They traveled on foot or in sturdy birch bark dugout canoes. Everything these people used was made by hand, including their canoes.
The Chippewa were master canoe builders. First they put stakes in the ground, forming an outline of the canoe. The stakes were not part of the canoe. They were used to hold the boat upright while it was being built. Next, they placed thick sheets of birch bark inside the stakes, forming the canoe. They added bent cedar ribs to brace the canoe. They sewed the bark with string made from spruce roots. They glued it together with spruce gum that made the seams watertight. They had a portable, light weight, sturdy, waterproof bark canoe.
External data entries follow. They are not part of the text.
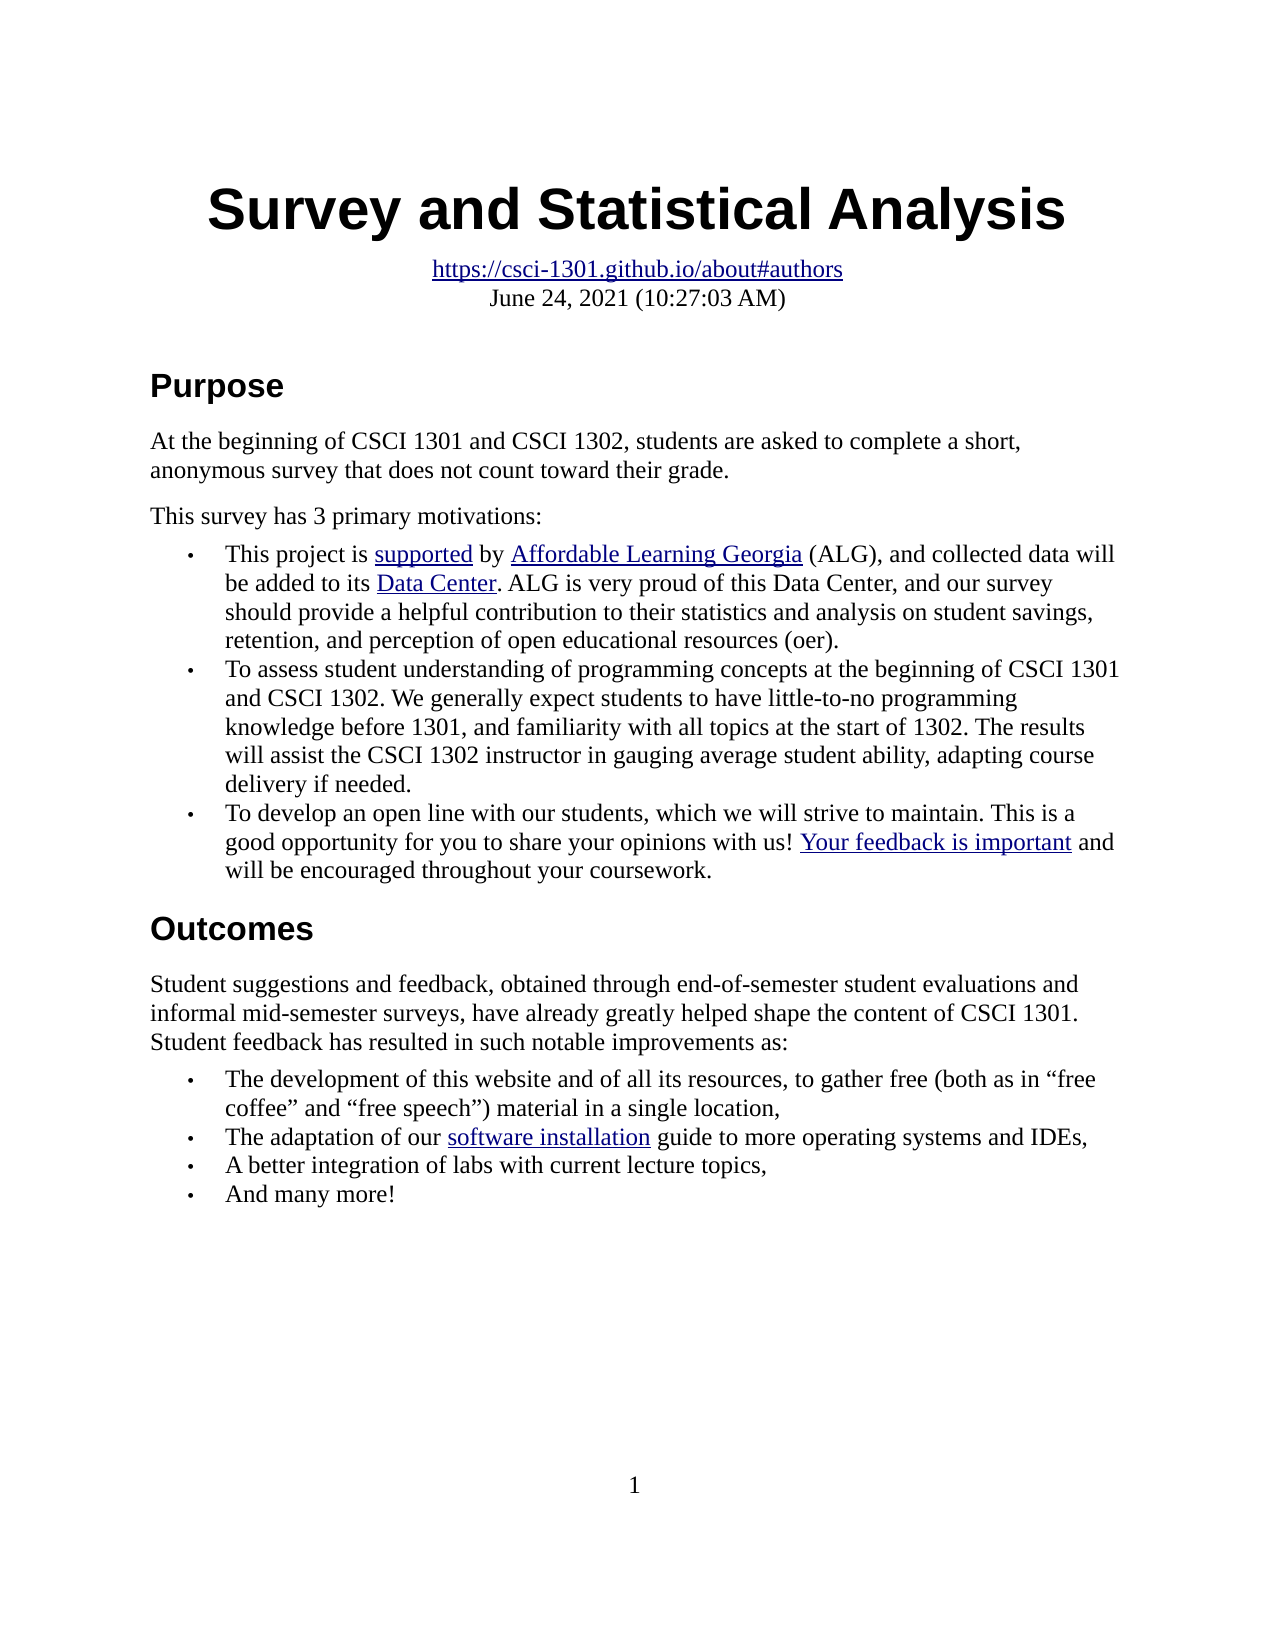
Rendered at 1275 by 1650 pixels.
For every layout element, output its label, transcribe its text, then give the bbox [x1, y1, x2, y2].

text https://csci-1301.github.io/about#authors [150, 254, 1125, 283]
list The adaptation of our software installation guide to more operating systems and IDEs, [187, 1122, 1125, 1151]
subtitle Outcomes [150, 909, 1125, 948]
list A better integration of labs with current lecture topics, [187, 1151, 1125, 1179]
list The development of this website and of all its resources, to gather free (both as in “free coffee” and “free speech”) material in a single location, [187, 1064, 1125, 1122]
title Survey and Statistical Analysis [150, 175, 1125, 242]
subtitle Purpose [150, 366, 1125, 404]
text This survey has 3 primary motivations: [150, 501, 1125, 530]
list To assess student understanding of programming concepts at the beginning of CSCI 1301 and CSCI 1302. We generally expect students to have little-to-no programming knowledge before 1301, and familiarity with all topics at the start of 1302. The results will assist the CSCI 1302 instructor in gauging average student ability, adapting course delivery if needed. [187, 654, 1125, 798]
text At the beginning of CSCI 1301 and CSCI 1302, students are asked to complete a short, anonymous survey that does not count toward their grade. [150, 426, 1125, 483]
list This project is supported by Affordable Learning Georgia (ALG), and collected data will be added to its Data Center. ALG is very proud of this Data Center, and our survey should provide a helpful contribution to their statistics and analysis on student savings, retention, and perception of open educational resources (oer). [187, 539, 1125, 654]
list And many more! [187, 1179, 1125, 1208]
text June 24, 2021 (10:27:03 AM) [150, 283, 1125, 312]
text Student suggestions and feedback, obtained through end-of-semester student evaluations and informal mid-semester surveys, have already greatly helped shape the content of CSCI 1301. Student feedback has resulted in such notable improvements as: [150, 969, 1125, 1055]
list To develop an open line with our students, which we will strive to maintain. This is a good opportunity for you to share your opinions with us! Your feedback is important and will be encouraged throughout your coursework. [187, 798, 1125, 884]

Some of their boats were so big they could move entire families. They moved around a lot because, except in the summer, the Ojibwa lived in isolated family camps, harvesting foods, as directed by their seasonal calendar.
Ojibwa life flowed in calendar months. Each family had a notch cutter. Each notch cutter kept the same stick for one month to mark the passing days. The cutter's job was to cut one notch in a stick each day to keep track of days. Months were tracked by watching the moon. When a month was over, they tossed the stick in the campfire and started a new moon stick.
Each month had a name, which was associated with something in nature. If you asked an Ojibwa what day it was, they might reply, "Today is the third day of the rice moon." Easy enough. August was the rice moon because that was the time the wild rice began to ripen.